General Internal Medicine-Primary Care(US)
Before rushing to change approaches in elderly patients with elevated TSH but normal T4, one should re-read the Thyroid Association`s review on the topic. Further, if subclinical hypothyroidism is actually a disease, it is likely that any physiologic changes may take a long time to develop (> 1 year) and perhaps longer than 1 year to resolve (if they can be measured at all). This study may very well be correct and, if so, calls into question the entity of "subclinical" hypothyroidism and whether it exists at all or is just a man-made biochemical entity. If correct, we should simply watch unless symptoms or blood tests evolve into clinically overt disease. I`m not certain that one can base clinical actions on this study alone, even though my inclination (and practice) is to wait until there is more to support a disease before treating it.
General Internal Medicine-Primary Care(US)
Few of us realize how nonproductive thyroid testing is, even more so is the "subclinical" approach. I think we're looking at an epiphenomenon, and not even addressing the real underlying issues. At least this article implies a DISCONNECT between symptoms and number and treatment.
General Practice(GP)/Family Practice(FP)
Very good evidence that treating subclinical hypothyroidism in the elderly (and likely in the non-elderly too, but not addressed in this article) is not of value. So, when hypothyroidism is not clinically manifest, avoid treatment of elevated TSH with normal thyroxine. And if symptoms MAY be due to hypothyroidism but testing is consistent with subclinical hypothyroidism, then be sure the treatment resolves the symptoms. If the symptoms persist, they were not due to hypothyroidism and treatment should be stopped.

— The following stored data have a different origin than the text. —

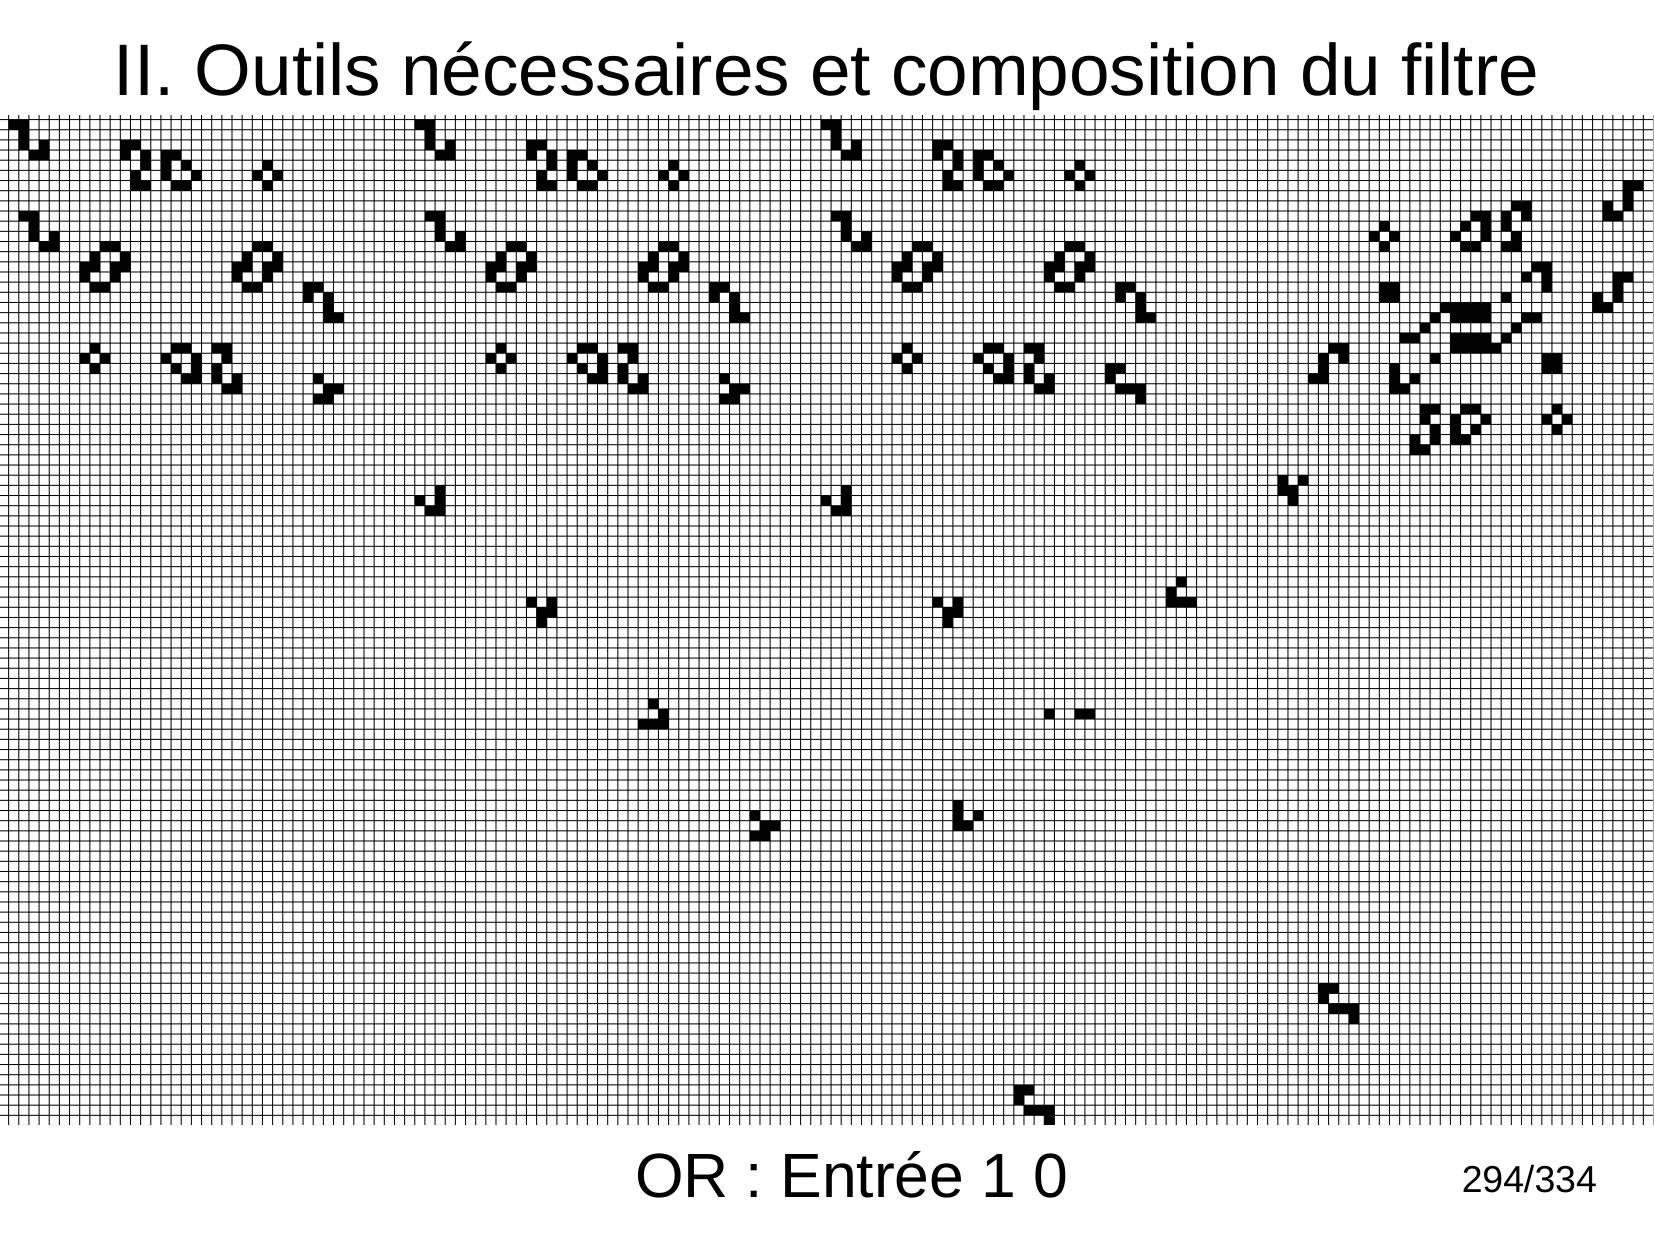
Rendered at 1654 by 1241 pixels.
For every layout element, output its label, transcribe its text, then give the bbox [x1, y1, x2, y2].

title II. Outils nécessaires et composition du filtre [82, 0, 1572, 174]
picture [0, 115, 1654, 1125]
text_box OR : Entrée 1 0 [620, 1133, 1084, 1219]
text_box <number>/334 [1447, 1151, 1654, 1209]

General Practice(GP)/Family Practice(FP)
Subclinical hypothyroidism among older patients is a common primary care condition. This well conducted randomized clinical trial confirms findings from smaller studies showing a lack of benefit from treatment. These findings could deter over-treatment.
Internal Medicine
As a hospitalist, we may be not dealing with these scenarios; as an internist, this is always a fascinating topic for me and my team. While reading this, I was specifically looking for heart failure and new onset Afib, but was glad to see there is no increase risk. In fact, the numbers look worse in the placebo group without a significant P value. I think this study needs to be expanded to more populations with larger numbers to be assured about adverse events. As a hospitalist, I am always worried about diagnosing subclinical hypothyroidism, and my main concern is adverse events. This is an impressive study and the methods are very well done.
Internal Medicine
Very common clinical scenario; very helpful to finally have an RCT to address.